**What you need to do:** Scan the listing below. Report each line that includes "degrees".

**Records shown:**

=== Begin Enclosure ===

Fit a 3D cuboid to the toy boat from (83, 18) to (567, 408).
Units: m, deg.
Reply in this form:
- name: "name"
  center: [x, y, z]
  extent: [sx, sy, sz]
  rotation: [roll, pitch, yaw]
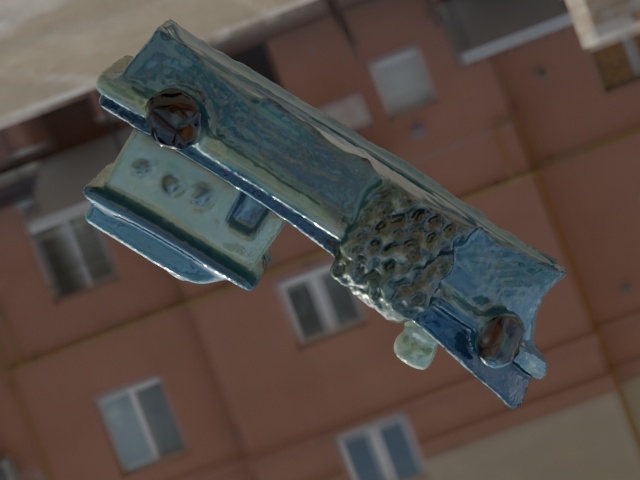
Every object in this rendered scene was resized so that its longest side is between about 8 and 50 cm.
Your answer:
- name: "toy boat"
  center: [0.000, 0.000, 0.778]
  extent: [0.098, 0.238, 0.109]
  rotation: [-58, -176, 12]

=== End Enclosure ===
=== Begin Enclosure ===

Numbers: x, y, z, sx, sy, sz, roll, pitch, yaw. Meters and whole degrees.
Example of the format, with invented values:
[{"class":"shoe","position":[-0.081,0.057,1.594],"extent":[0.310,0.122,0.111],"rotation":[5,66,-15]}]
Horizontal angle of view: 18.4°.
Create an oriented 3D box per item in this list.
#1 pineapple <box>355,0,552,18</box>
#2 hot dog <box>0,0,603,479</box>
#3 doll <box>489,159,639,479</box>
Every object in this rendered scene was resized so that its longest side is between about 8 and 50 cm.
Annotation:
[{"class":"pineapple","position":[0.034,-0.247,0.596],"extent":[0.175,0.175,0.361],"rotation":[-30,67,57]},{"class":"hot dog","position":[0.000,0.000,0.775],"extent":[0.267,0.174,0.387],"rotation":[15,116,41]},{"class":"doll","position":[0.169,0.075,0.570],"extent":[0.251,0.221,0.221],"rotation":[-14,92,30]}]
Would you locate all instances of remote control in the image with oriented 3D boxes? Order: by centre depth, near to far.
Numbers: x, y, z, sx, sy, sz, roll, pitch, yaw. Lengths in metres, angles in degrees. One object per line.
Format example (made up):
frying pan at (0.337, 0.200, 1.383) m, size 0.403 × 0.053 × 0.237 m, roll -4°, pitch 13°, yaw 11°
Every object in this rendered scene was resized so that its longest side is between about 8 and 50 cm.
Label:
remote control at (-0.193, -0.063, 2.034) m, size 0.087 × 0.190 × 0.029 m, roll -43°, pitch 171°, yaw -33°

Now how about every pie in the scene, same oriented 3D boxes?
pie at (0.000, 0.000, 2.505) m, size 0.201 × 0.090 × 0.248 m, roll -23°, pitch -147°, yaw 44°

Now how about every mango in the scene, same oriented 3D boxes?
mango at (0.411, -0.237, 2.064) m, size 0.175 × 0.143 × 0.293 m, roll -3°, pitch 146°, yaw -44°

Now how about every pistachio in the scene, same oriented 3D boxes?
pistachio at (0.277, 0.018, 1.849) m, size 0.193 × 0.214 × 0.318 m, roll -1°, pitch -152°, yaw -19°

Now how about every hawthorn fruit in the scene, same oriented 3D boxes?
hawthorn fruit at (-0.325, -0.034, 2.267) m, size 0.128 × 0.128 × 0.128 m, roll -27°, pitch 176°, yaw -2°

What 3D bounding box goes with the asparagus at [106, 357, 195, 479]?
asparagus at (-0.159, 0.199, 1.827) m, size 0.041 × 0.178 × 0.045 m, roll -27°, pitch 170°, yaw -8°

=== End Enclosure ===

**Output below:**
Numbers: x, y, z, sx, sy, sz, roll, pitch, yaw. Meters and whole degrees.
Numbers: x, y, z, sx, sy, sz, roll, pitch, yaw. Lengths in metres, angles in degrees. One object per line.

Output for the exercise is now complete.